:: Assignment ::
Line by line, reproduce exactly the beginning of the listing below, ending with the line that contains "picture [38, 25, 227, 150]" and adding nothing.

[Start of Attachment]

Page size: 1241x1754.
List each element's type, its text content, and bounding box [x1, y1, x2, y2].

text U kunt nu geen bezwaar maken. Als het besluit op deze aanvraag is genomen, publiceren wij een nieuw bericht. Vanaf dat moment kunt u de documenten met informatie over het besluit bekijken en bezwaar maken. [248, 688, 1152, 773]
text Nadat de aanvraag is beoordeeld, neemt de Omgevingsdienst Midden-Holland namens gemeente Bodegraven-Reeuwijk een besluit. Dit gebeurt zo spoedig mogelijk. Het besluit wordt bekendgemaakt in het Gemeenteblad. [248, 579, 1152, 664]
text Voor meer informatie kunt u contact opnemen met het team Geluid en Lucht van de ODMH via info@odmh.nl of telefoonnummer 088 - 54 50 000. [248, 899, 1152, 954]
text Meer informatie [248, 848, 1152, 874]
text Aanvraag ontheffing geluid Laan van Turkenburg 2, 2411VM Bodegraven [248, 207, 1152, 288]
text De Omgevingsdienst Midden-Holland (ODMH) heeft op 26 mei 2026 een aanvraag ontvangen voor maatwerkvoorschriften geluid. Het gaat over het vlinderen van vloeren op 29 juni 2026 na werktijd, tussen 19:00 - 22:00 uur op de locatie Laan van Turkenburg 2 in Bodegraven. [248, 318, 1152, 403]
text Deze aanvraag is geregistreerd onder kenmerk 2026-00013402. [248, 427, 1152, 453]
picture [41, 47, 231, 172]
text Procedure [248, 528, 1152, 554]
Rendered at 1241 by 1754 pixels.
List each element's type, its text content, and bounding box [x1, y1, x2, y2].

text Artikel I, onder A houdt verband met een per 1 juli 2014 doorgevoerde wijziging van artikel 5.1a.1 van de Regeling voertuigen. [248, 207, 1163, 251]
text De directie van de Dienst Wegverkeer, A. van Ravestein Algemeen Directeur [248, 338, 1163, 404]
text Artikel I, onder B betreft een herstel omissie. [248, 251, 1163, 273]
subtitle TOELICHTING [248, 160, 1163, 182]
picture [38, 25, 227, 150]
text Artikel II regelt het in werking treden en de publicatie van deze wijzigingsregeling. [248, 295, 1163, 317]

[End of Attachment]

:: Result of this task ::
Page size: 1241x1754.
List each element's type, its text content, and bounding box [x1, y1, x2, y2].

text U kunt nu geen bezwaar maken. Als het besluit op deze aanvraag is genomen, publiceren wij een nieuw bericht. Vanaf dat moment kunt u de documenten met informatie over het besluit bekijken en bezwaar maken. [248, 688, 1152, 773]
text Nadat de aanvraag is beoordeeld, neemt de Omgevingsdienst Midden-Holland namens gemeente Bodegraven-Reeuwijk een besluit. Dit gebeurt zo spoedig mogelijk. Het besluit wordt bekendgemaakt in het Gemeenteblad. [248, 579, 1152, 664]
text Voor meer informatie kunt u contact opnemen met het team Geluid en Lucht van de ODMH via info@odmh.nl of telefoonnummer 088 - 54 50 000. [248, 899, 1152, 954]
text Meer informatie [248, 848, 1152, 874]
text Aanvraag ontheffing geluid Laan van Turkenburg 2, 2411VM Bodegraven [248, 207, 1152, 288]
text De Omgevingsdienst Midden-Holland (ODMH) heeft op 26 mei 2026 een aanvraag ontvangen voor maatwerkvoorschriften geluid. Het gaat over het vlinderen van vloeren op 29 juni 2026 na werktijd, tussen 19:00 - 22:00 uur op de locatie Laan van Turkenburg 2 in Bodegraven. [248, 318, 1152, 403]
text Deze aanvraag is geregistreerd onder kenmerk 2026-00013402. [248, 427, 1152, 453]
picture [41, 47, 231, 172]
text Procedure [248, 528, 1152, 554]
Rendered at 1241 by 1754 pixels.
List each element's type, its text content, and bounding box [x1, y1, x2, y2].

text Artikel I, onder A houdt verband met een per 1 juli 2014 doorgevoerde wijziging van artikel 5.1a.1 van de Regeling voertuigen. [248, 207, 1163, 251]
text De directie van de Dienst Wegverkeer, A. van Ravestein Algemeen Directeur [248, 338, 1163, 404]
text Artikel I, onder B betreft een herstel omissie. [248, 251, 1163, 273]
subtitle TOELICHTING [248, 160, 1163, 182]
picture [38, 25, 227, 150]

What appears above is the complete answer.